La iniciativa establece las bases legales e institucionales para respetar, promover, proteger y garantizar el derecho de todas las personas al cuidado digno, universal, accesible, oportuno, pertinente, suficiente, equitativo, corresponsable y de calidad.
El dictamen, avalado en reunión de las comisiones de Gobernación y Puntos Constitucionales, de Trabajo, Previsión y Seguridad Social y para la Igualdad de Género, presidida por el parlamentario Carlos Antonio Martínez Zurita Trejo señala que el derecho al cuidado digno se garantizará bajo los principios de progresividad, universalidad, igualdad, no discriminación, accesibilidad y corresponsabilidad entre mujeres y hombres.
El proyecto legislativo, que integró cuatro iniciativas (de las diputadas Sandra Patricia Santos Rodríguez y Martha Azucena Camacho Reynoso, así como del congresista Edmundo Luis Valdeña Bastida, quienes son integrantes del Grupo Parlamentario de Morena, y de la gobernadora Delfina Gómez Álvarez, señala que este derecho comprende la facultad de cuidar y ser cuidada o cuidado, así como de ejercer el autocuidado a lo largo de todo el ciclo de vida, en condiciones de dignidad, autonomía, igualdad sustantiva, no discriminación y corresponsabilidad social.

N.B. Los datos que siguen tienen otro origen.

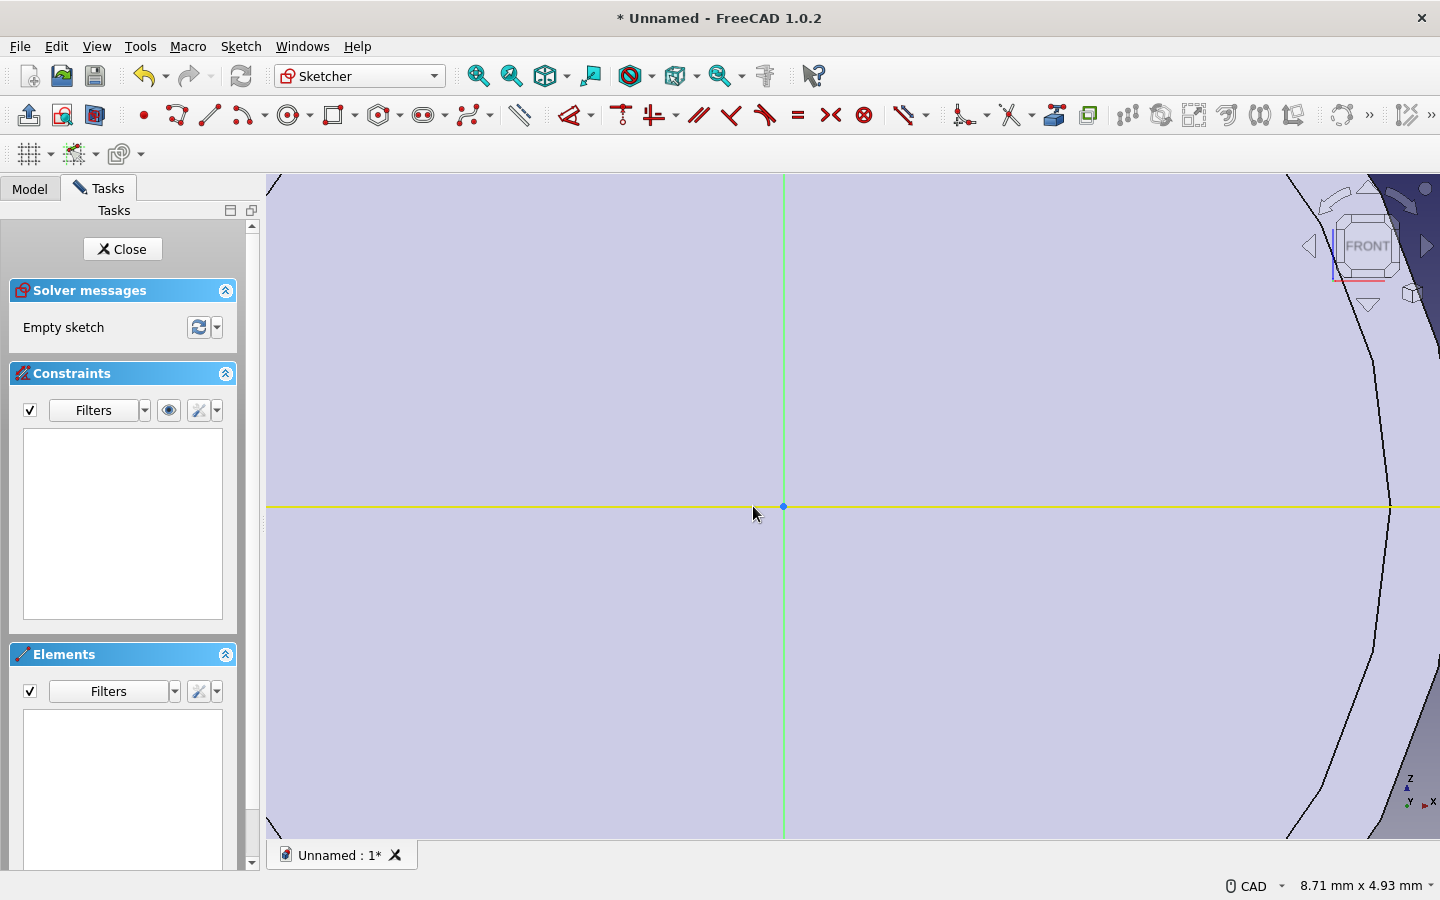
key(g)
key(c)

El documento señala que el derecho al cuidado digno implica la existencia de condiciones materiales e inmateriales que permitan a todas las personas vivir de manera segura, saludable, autónoma, plena y en comunidad, en armonía con la naturaleza y sin detrimento de otros derechos humanos.
Describe al cuidado como el conjunto de procesos, relaciones, servicios, bienes, apoyos, acciones y actividades necesarias para la atención, sostenimiento, protección, acompañamiento, inclusión, desarrollo y bienestar integral de las personas, así como para la sostenibilidad de la vida diaria.
Para garantizarlo, los entes públicos deberán reconocerlo, promoverlo y protegerlo como un derecho humano, lo cual incluye su revalorización social, económica y cultural, en proporción a la función estratégica que los cuidados representan para el sostenimiento y reproducción de la vida social.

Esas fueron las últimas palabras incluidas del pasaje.